■ DATA TO USE
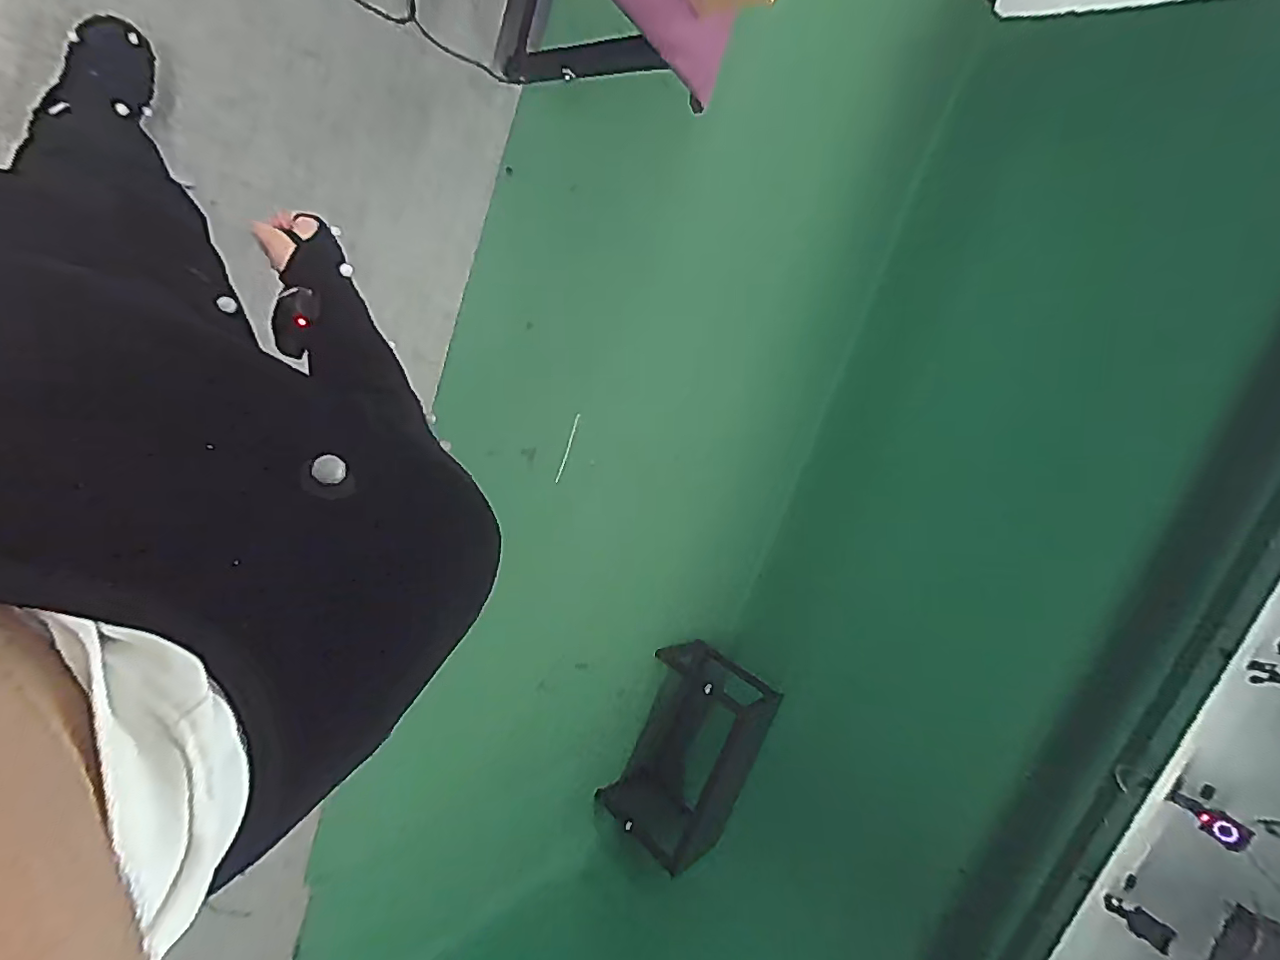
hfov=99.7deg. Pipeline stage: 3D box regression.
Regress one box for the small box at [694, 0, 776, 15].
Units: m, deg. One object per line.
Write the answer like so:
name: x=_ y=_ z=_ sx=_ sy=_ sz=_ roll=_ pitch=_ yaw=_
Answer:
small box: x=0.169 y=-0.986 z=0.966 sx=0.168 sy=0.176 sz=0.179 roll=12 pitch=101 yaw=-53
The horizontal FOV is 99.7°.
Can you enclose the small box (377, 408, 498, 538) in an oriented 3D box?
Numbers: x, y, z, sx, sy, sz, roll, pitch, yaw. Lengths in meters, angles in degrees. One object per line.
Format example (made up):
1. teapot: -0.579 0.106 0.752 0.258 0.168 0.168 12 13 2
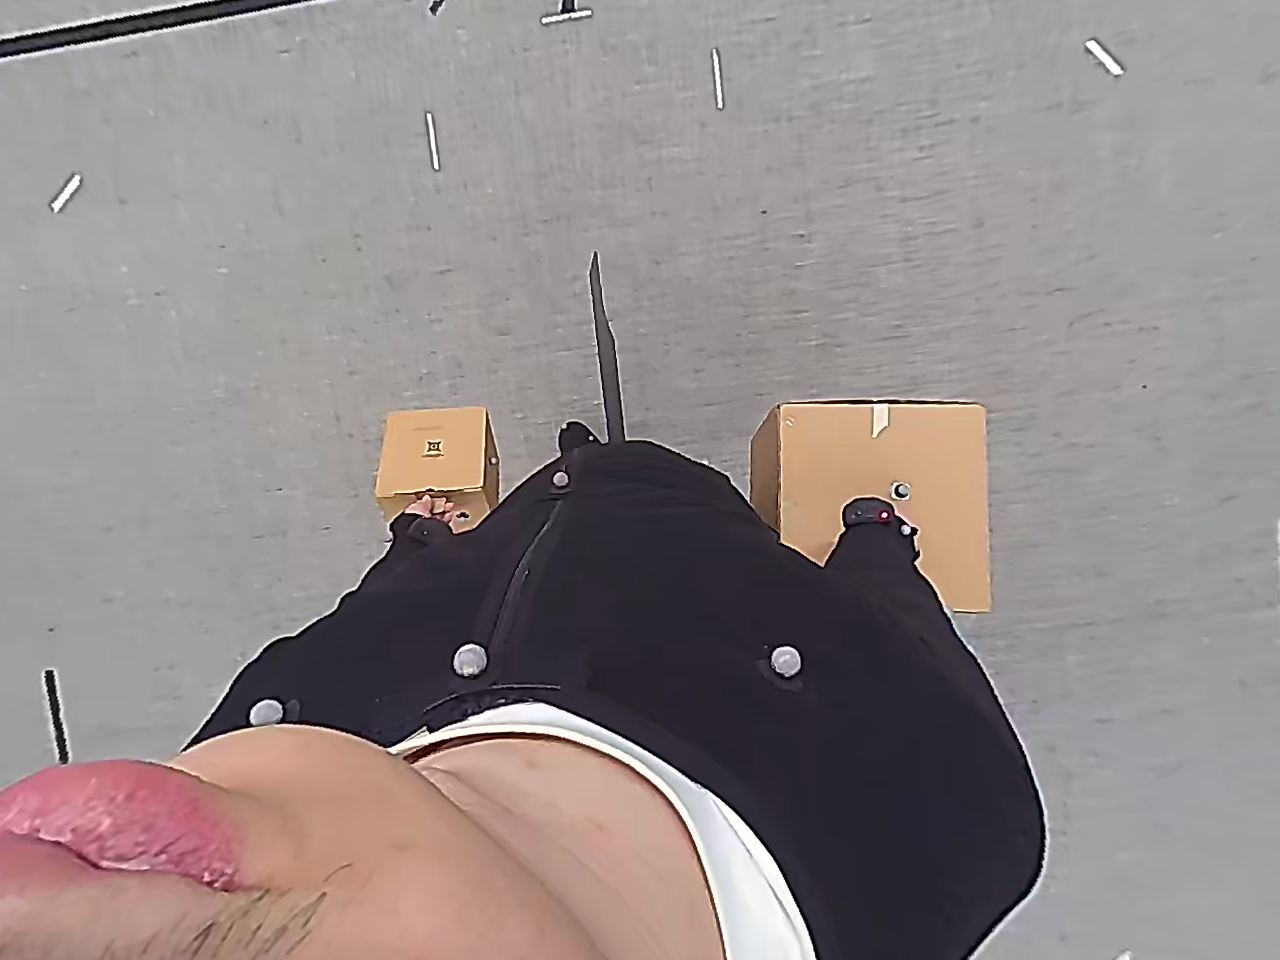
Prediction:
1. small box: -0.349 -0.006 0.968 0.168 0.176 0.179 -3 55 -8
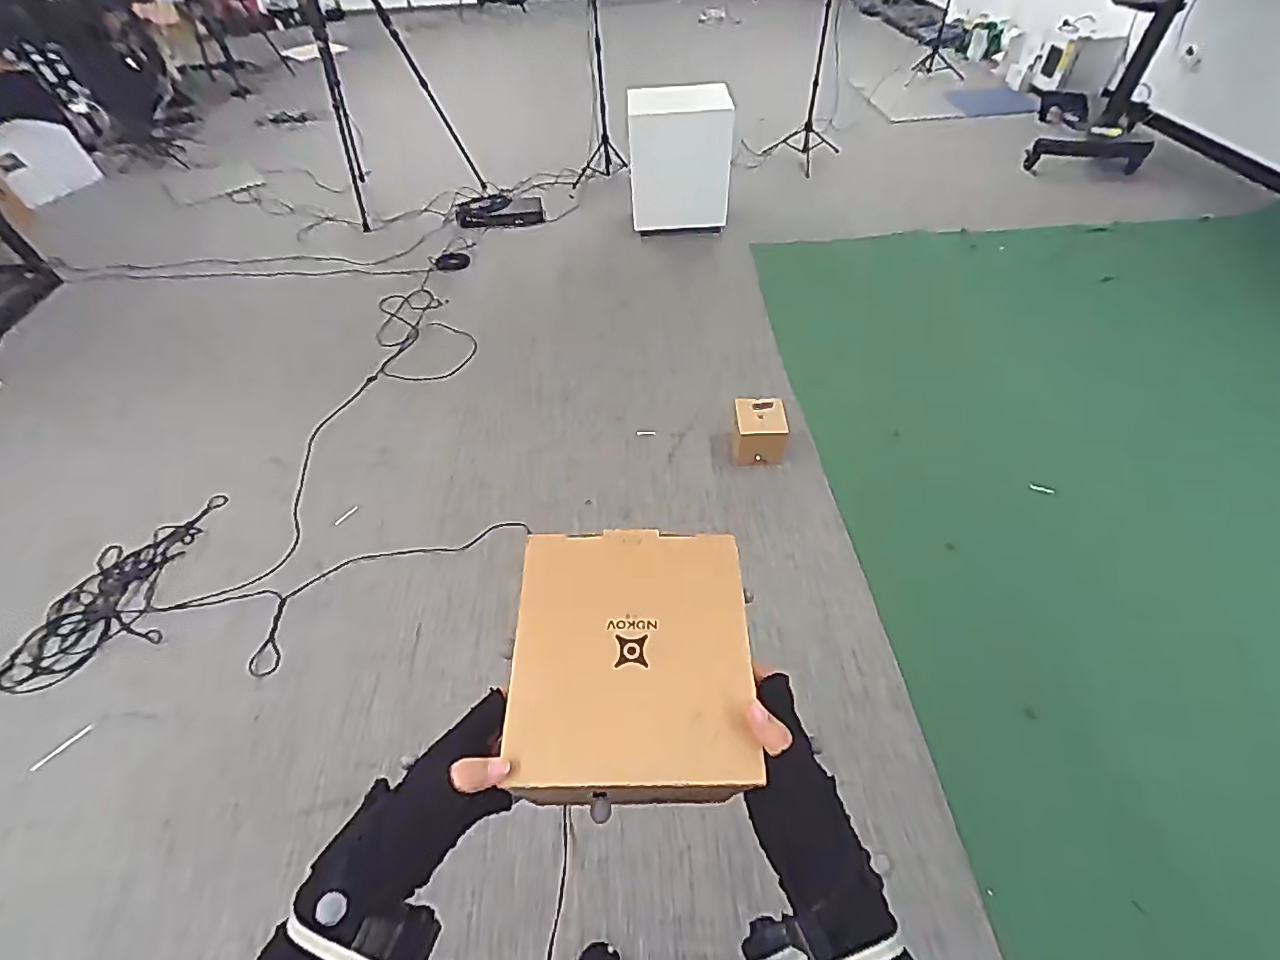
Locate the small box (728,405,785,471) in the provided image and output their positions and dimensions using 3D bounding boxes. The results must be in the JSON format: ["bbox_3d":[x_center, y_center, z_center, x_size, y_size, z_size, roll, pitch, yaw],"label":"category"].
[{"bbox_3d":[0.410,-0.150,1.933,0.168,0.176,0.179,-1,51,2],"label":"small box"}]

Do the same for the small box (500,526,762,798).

■ ABOUT THIS EXERCISE
Your reply should consist only of the lines running from the line with "name: x=_ y=_" to the end of the entries, both included, copied exactly and without any pictures.

■ TASK SOLUTION
name: x=_ y=_ z=_ sx=_ sy=_ sz=_ roll=_ pitch=_ yaw=_
Answer:
small box: x=0.169 y=-0.986 z=0.966 sx=0.168 sy=0.176 sz=0.179 roll=12 pitch=101 yaw=-53
The horizontal FOV is 99.7°.
Can you enclose the small box (377, 408, 498, 538) in an oriented 3D box?
Numbers: x, y, z, sx, sy, sz, roll, pitch, yaw. Lengths in meters, angles in degrees. One object per line.
Format example (made up):
1. teapot: -0.579 0.106 0.752 0.258 0.168 0.168 12 13 2
Prediction:
1. small box: -0.349 -0.006 0.968 0.168 0.176 0.179 -3 55 -8
Locate the small box (728,405,785,471) in the provided image and output their positions and dimensions using 3D bounding boxes. The results must be in the JSON format: ["bbox_3d":[x_center, y_center, z_center, x_size, y_size, z_size, roll, pitch, yaw],"label":"category"].
[{"bbox_3d":[0.410,-0.150,1.933,0.168,0.176,0.179,-1,51,2],"label":"small box"}]

Do the same for the small box (500,526,762,798).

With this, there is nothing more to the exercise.